_Data to examine_:
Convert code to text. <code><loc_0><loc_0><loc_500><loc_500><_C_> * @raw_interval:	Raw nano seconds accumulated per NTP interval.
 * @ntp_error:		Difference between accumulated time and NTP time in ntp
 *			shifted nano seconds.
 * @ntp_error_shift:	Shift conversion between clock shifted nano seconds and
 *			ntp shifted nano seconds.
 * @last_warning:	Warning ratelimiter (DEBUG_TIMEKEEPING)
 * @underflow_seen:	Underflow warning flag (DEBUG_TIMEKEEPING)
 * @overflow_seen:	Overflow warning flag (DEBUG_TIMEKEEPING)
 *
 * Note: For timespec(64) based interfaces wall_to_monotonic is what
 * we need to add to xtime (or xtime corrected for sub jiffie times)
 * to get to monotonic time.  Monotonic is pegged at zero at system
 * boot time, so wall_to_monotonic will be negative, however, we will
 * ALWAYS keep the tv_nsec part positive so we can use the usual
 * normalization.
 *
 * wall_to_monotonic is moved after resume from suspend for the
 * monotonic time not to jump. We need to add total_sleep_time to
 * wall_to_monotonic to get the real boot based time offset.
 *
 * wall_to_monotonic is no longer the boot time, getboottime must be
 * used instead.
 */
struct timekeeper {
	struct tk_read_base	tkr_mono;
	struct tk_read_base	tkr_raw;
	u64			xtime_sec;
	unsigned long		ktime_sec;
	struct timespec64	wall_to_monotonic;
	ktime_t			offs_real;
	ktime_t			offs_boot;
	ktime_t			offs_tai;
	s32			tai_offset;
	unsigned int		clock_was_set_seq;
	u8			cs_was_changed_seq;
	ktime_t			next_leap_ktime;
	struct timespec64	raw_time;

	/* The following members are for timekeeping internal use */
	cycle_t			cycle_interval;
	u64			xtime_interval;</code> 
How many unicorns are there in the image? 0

...

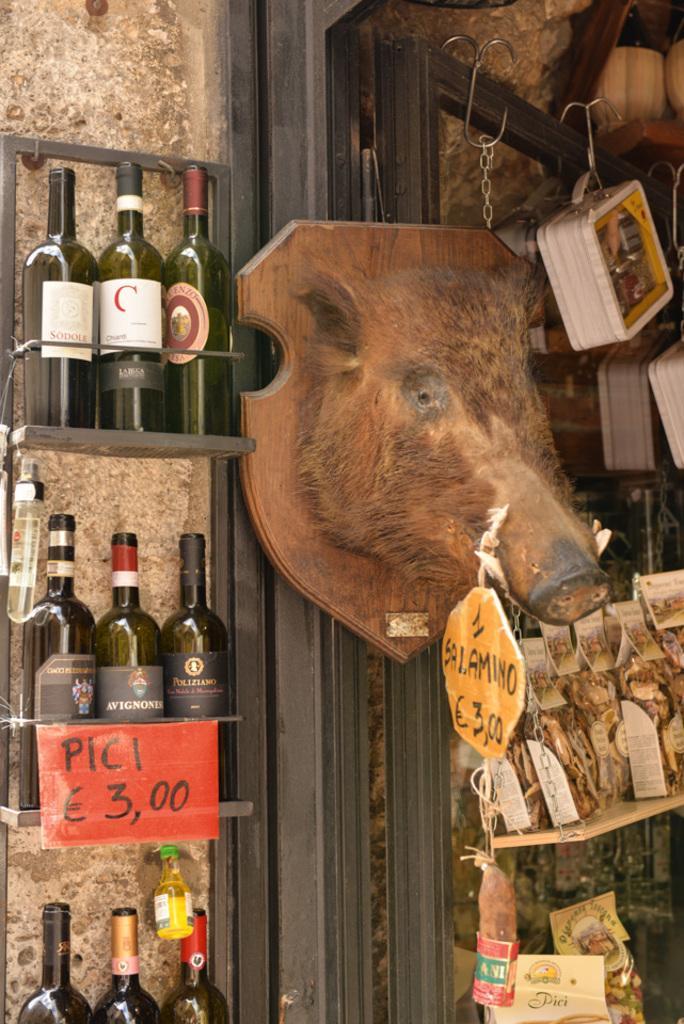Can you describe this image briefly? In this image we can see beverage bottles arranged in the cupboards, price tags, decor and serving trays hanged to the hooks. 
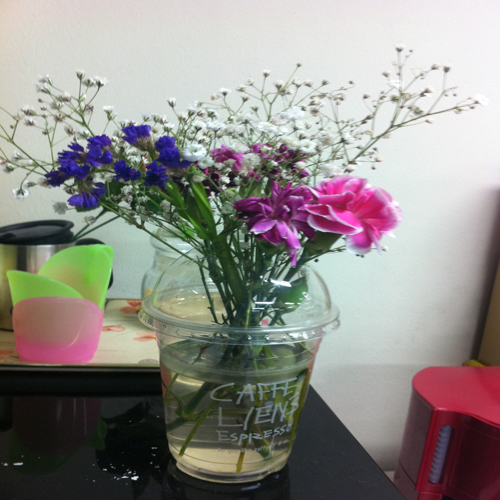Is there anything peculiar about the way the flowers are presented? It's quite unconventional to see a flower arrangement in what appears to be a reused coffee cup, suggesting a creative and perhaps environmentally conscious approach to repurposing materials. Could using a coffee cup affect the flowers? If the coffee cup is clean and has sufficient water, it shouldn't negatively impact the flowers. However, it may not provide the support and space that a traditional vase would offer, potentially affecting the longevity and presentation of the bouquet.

_Exercise prompt_: Take exactly the lines from the one containing "Convert code to" through the one containing "How many unicorns are there in the image? 0" in the data above, and output them with nothing added.

_Response box_:
Convert code to text. <code><loc_0><loc_0><loc_500><loc_500><_C_> * @raw_interval:	Raw nano seconds accumulated per NTP interval.
 * @ntp_error:		Difference between accumulated time and NTP time in ntp
 *			shifted nano seconds.
 * @ntp_error_shift:	Shift conversion between clock shifted nano seconds and
 *			ntp shifted nano seconds.
 * @last_warning:	Warning ratelimiter (DEBUG_TIMEKEEPING)
 * @underflow_seen:	Underflow warning flag (DEBUG_TIMEKEEPING)
 * @overflow_seen:	Overflow warning flag (DEBUG_TIMEKEEPING)
 *
 * Note: For timespec(64) based interfaces wall_to_monotonic is what
 * we need to add to xtime (or xtime corrected for sub jiffie times)
 * to get to monotonic time.  Monotonic is pegged at zero at system
 * boot time, so wall_to_monotonic will be negative, however, we will
 * ALWAYS keep the tv_nsec part positive so we can use the usual
 * normalization.
 *
 * wall_to_monotonic is moved after resume from suspend for the
 * monotonic time not to jump. We need to add total_sleep_time to
 * wall_to_monotonic to get the real boot based time offset.
 *
 * wall_to_monotonic is no longer the boot time, getboottime must be
 * used instead.
 */
struct timekeeper {
	struct tk_read_base	tkr_mono;
	struct tk_read_base	tkr_raw;
	u64			xtime_sec;
	unsigned long		ktime_sec;
	struct timespec64	wall_to_monotonic;
	ktime_t			offs_real;
	ktime_t			offs_boot;
	ktime_t			offs_tai;
	s32			tai_offset;
	unsigned int		clock_was_set_seq;
	u8			cs_was_changed_seq;
	ktime_t			next_leap_ktime;
	struct timespec64	raw_time;

	/* The following members are for timekeeping internal use */
	cycle_t			cycle_interval;
	u64			xtime_interval;</code> 
How many unicorns are there in the image? 0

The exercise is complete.